- Also known as: The Choice 2020: Trump vs. Biden
- Genre: Documentary
- Directed by: Michael Kirk
- Country of origin: United States
- Original language: English

Production
- Producers: Michael Kirk; Mike Wiser; Philip Bennett; Jim Gilmore; Gabrielle Schonder;
- Running time: 120 minutes
- Production companies: Frontline; Kirk Documentary Group;

Original release
- Network: PBS
- Release: September 22, 2020

= The Choice 2020 =

2020 television documentary film

The Choice 2020: Trump vs. Biden is a 2020 television documentary film about the Republican and Democratic Party nominees for the 2020 United States presidential election: President Donald Trump and former Vice President Joe Biden respectively. Produced by the investigative journalism program Frontline for PBS, it aims to better inform American voters in their choice by recounting the two major nominees' character and past deeds. Co-produced and directed by Michael Kirk, the film premiered on PBS and simultaneously made available to stream on the broadcaster's website and YouTube channel on September 22, 2020. Biden would ultimately be elected President of the United States that November, setting a record for the most votes ever received by a presidential candidate. He also became the first man to defeat an incumbent president in 28 years and received the highest percentage of the popular vote over an incumbent president since Franklin Roosevelt in 1932.

==Interviewees==

- Yamiche Alcindor, PBS NewsHour
- Peter Baker, journalist
- Jill Biden, wife of Joe Biden
- John Bolton, former National Security Advisor
- Carol Moseley Braun, former senator
- Rep. Jim Clyburn, since 1993
- Rudy Giuliani, Donald Trump's lawyer
- Valerie Jarrett, fmr. Obama adviser
- Rep. Jim Jordan, since 2007
- Corey Lewandowski, fmr. Trump campaign manager
- David Marcus, cousin of Roy Cohn
- Peggy Noonan, The Wall Street Journal political columnist
- Valerie Biden Owens, Joe Biden's sister
- Anthony Scaramucci, fmr. Trump campaign adviser
- Yusef Salaam, Central Park jogger case
- Bakari Sellers, CNN political analyst
- Mary Trump, Donald Trump's niece
- Angela Wright, Clarence Thomas accuser

==Production==
The Choice 2020 is the ninth installment of The Choice, a series of television films produced by the American investigative journalism program Frontline beginning in 1988, with each film aiming to better inform American voters about the two major candidates of a respective presidential election. The installment was first discussed at a Television Critics Association press tour by director Michael Kirk and Frontline executive producer Raney Aronson-Rath on July 28, 2020, and was later formally announced on August 7. A three-minute trailer was released on the same day of its announcement.
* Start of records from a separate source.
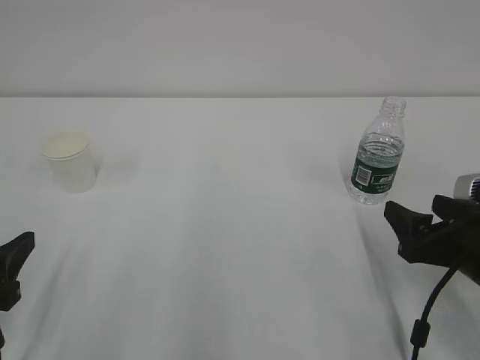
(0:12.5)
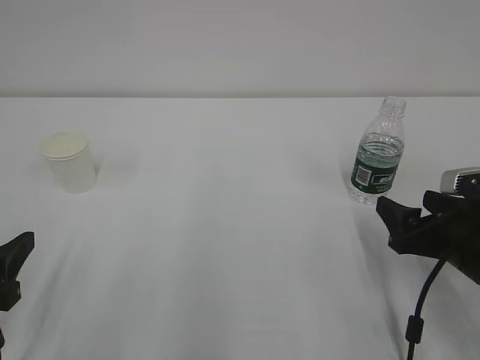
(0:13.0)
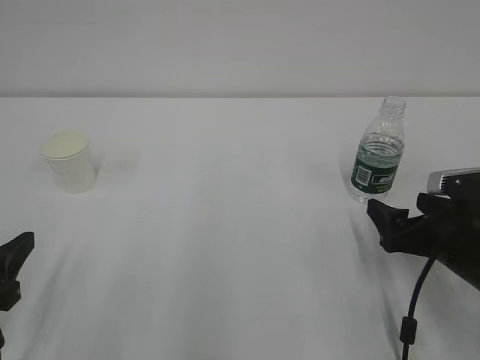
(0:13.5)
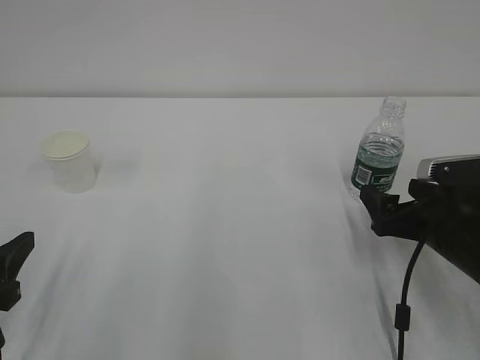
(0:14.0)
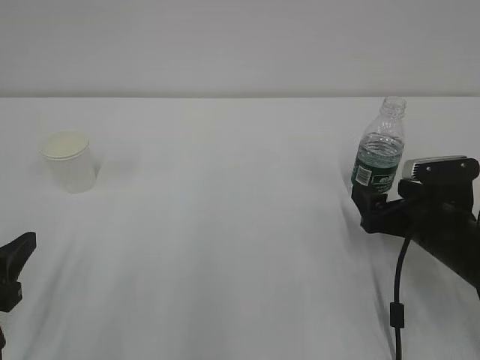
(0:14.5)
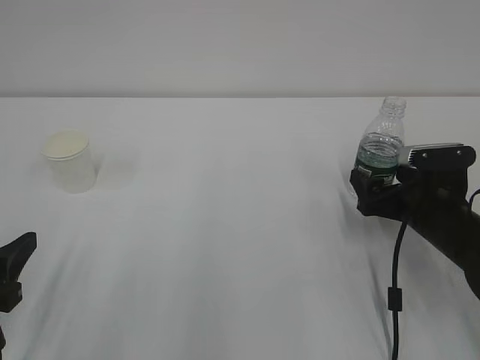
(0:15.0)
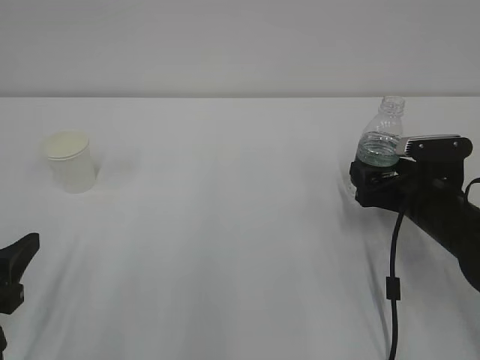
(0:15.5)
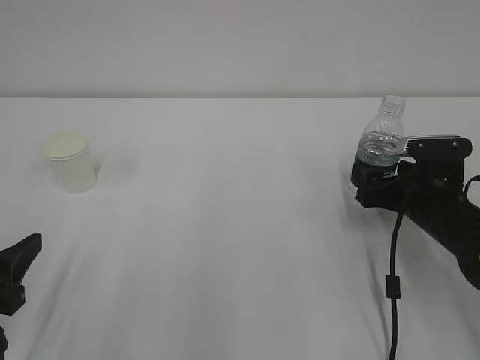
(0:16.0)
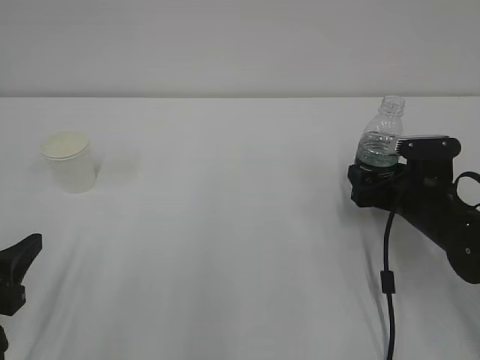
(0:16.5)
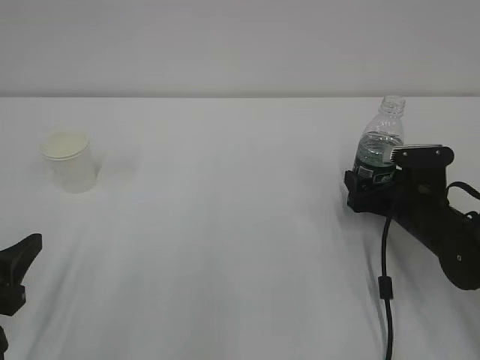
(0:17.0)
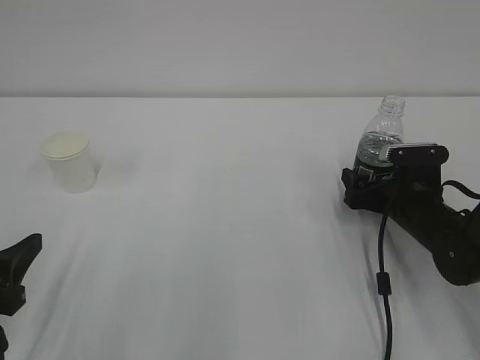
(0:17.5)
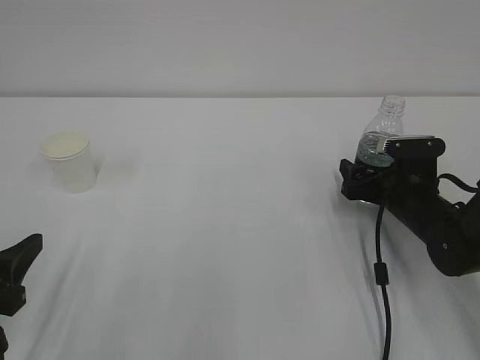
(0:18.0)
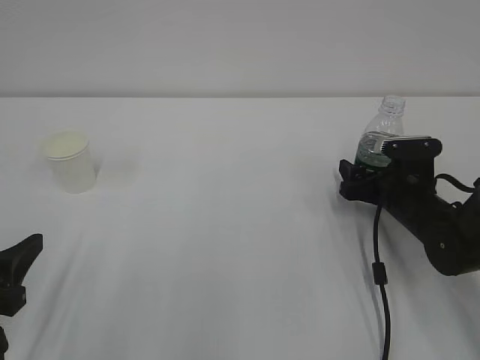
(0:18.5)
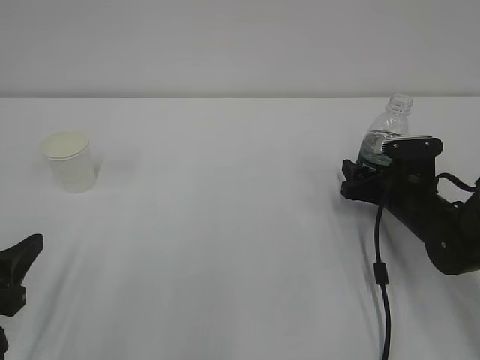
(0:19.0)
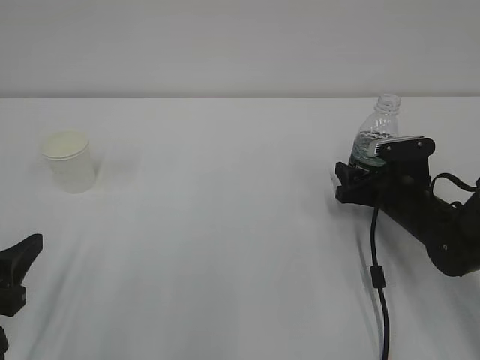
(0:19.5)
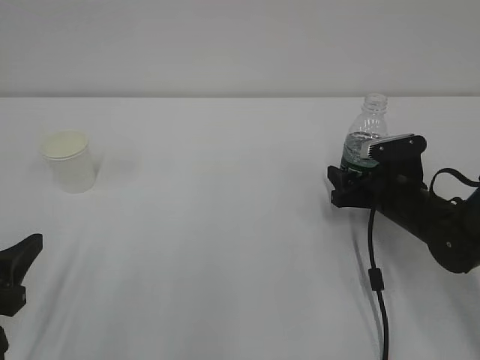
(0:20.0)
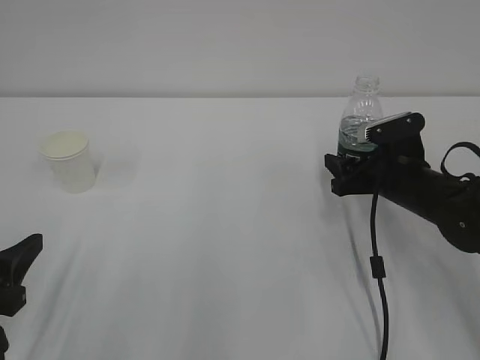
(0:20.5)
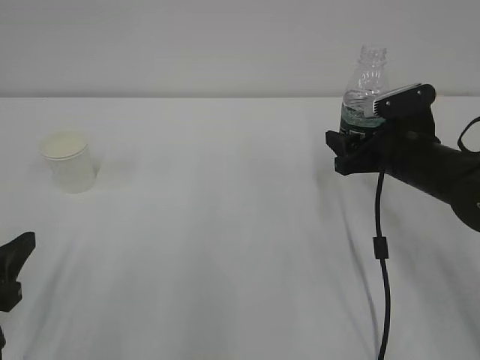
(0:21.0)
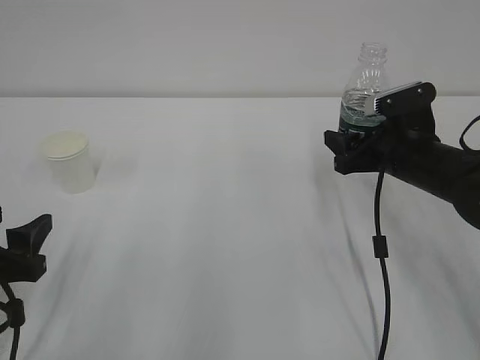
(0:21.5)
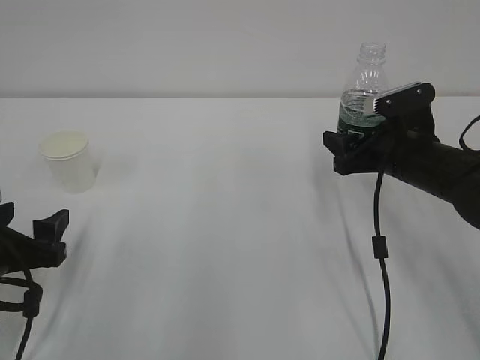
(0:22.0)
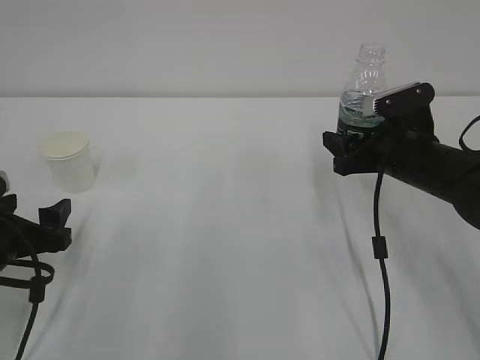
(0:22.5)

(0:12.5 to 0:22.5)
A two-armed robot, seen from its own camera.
0:12.5 - 0:14.5: The right gripper heads forward, covering approximately 5 cm.
0:14.5 - 0:16.5: The grippers stay close to where they were, moving slightly.
0:16.5 - 0:18.5: The grippers stay close to where they were, moving slightly.
0:18.5 - 0:20.5: The right gripper closes.
0:20.5 - 0:22.5: The left gripper is displaced forward by some 10 cm, and opens up.

Kirk explained that he approached the film seeking a new way of telling the stories of President Donald Trump and former Vice President Joe Biden, as they are "two people who have been in the public eye for a half century". Due to the COVID-19 pandemic afflicting the United States during the 2020 election season, the film's production team could not fully conduct face-to-face interviews as done in previous installments of The Choice. Kirk stated that the team had to use the videotelephony software program Zoom for most of their interviews, stating that "I’m used to interviewing people for hours at a time. Doing that over Zoom is a challenge in its own." At the same time, Kirk considers The Choice 2020 to be the "most important and essential" out of the five installments he has made so far due to the nation's deep political divide, along with the pandemic, a weakened economy, and renewed grievances against systemic racism.

As the film was aired during what Rath described as a "perilous time" for the United States, Frontline decided to release some of its interviews in advance of the film's premiere as part of the program's ongoing Transparency Project, beginning on September 14 with Mary Trump's interview.

== Reception ==
The Daily Beast wrote, "Beyond spin...thoughtful [and] in-depth."